Usa, Mike Pompeo al Cairo: "Iran è nemico del Medio Oriente"

Prospera Giambalvo
Gennaio 11, 2019

"L'America non dovrà più vergognarsi di niente".

Ma l'attenzione di Pompeo era rivolta soprattutto contro un altro nemico, che per gli Usa appare oggi di certo prioritario rispetto al Daesh; e che secondo il segretario di Stato dovrebbe essere ritenuto tale dall'intero Medio Oriente.

"Lavoriamo per fermare le esportazioni petrolifere dell'Iran, affinché scendano a zero", ha dichiarato il capo della diplomazia Usa.

Quello che ai conservatori proprio non andò giù fu soprattutto il fatto che Obama sembrò incolpare e quasi chiedere scusa a nome degli americani per i conflitti degli anni precedenti, a partire dalla guerra in Iraq. Che serviva un nuovo inizio. "I risultati di questo errore di giudizio sono stati disastrosi". E circa il modo in cui intenda contrastare l'influenza che l'Iran - principale alleato regionale del clan Assad - esercita sulla Siria, Pompeo è stato molto chiaro: "fin quando l'ultimo soldato iraniano resterà in Siria - ha detto - dagli Stati Uniti non arriverà un dollaro per la ricostruzione post-bellica".
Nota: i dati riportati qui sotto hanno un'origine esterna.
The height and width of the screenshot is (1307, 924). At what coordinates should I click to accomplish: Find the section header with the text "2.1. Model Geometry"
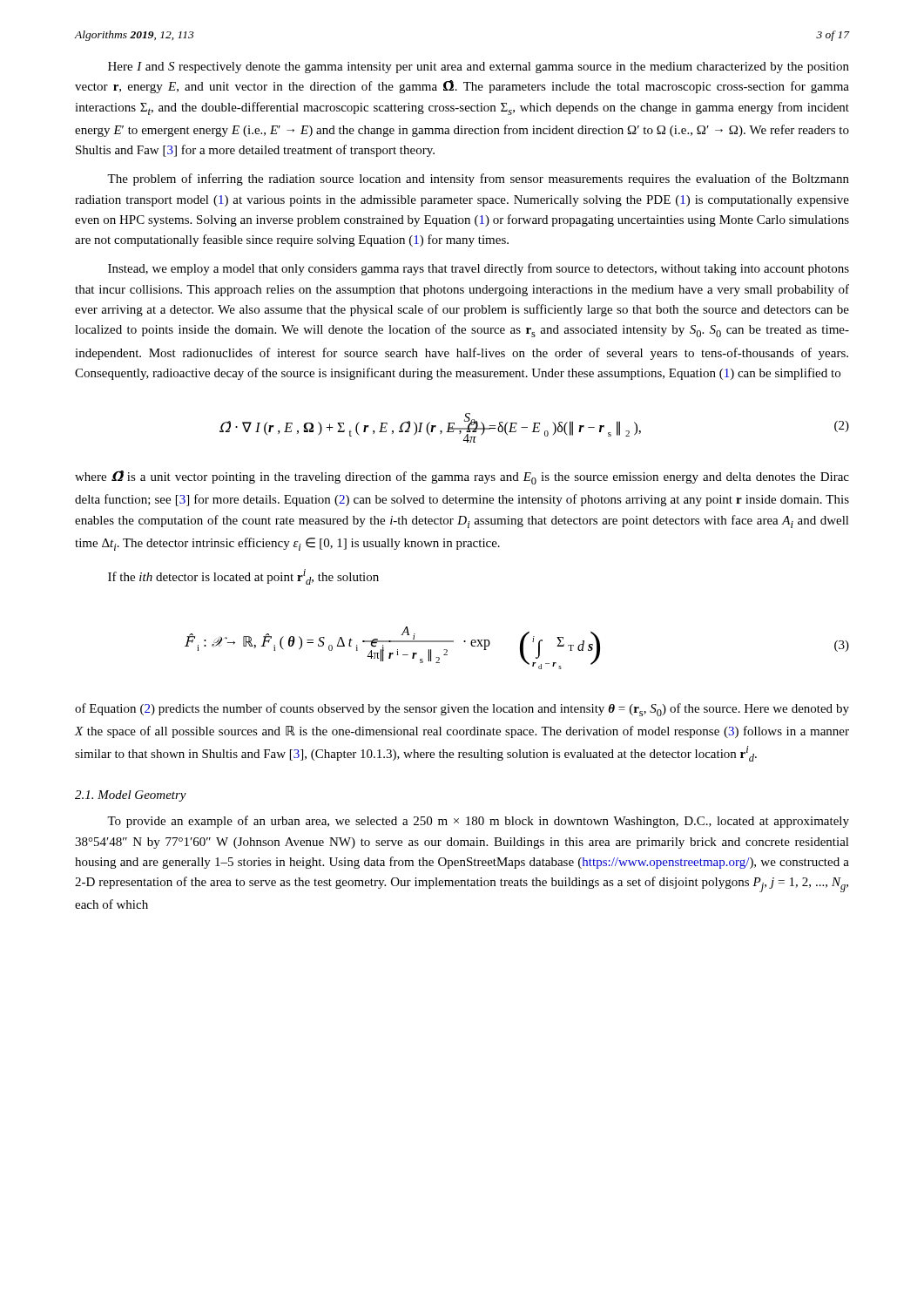(130, 794)

La reazione di Teheran al discorso di Pompeo non s'è fatta attendere: "Ogni volta e ovunque gli Stati Uniti si mettono in mezzo seguono caos, repressione e risentimento", ha twittato il ministro degli Esteri iraniano Javad Zarif, uno degli artefici dello storico accordo sul nucleare fortemente voluto da Barack Obama e ripudiato da Donald Trump.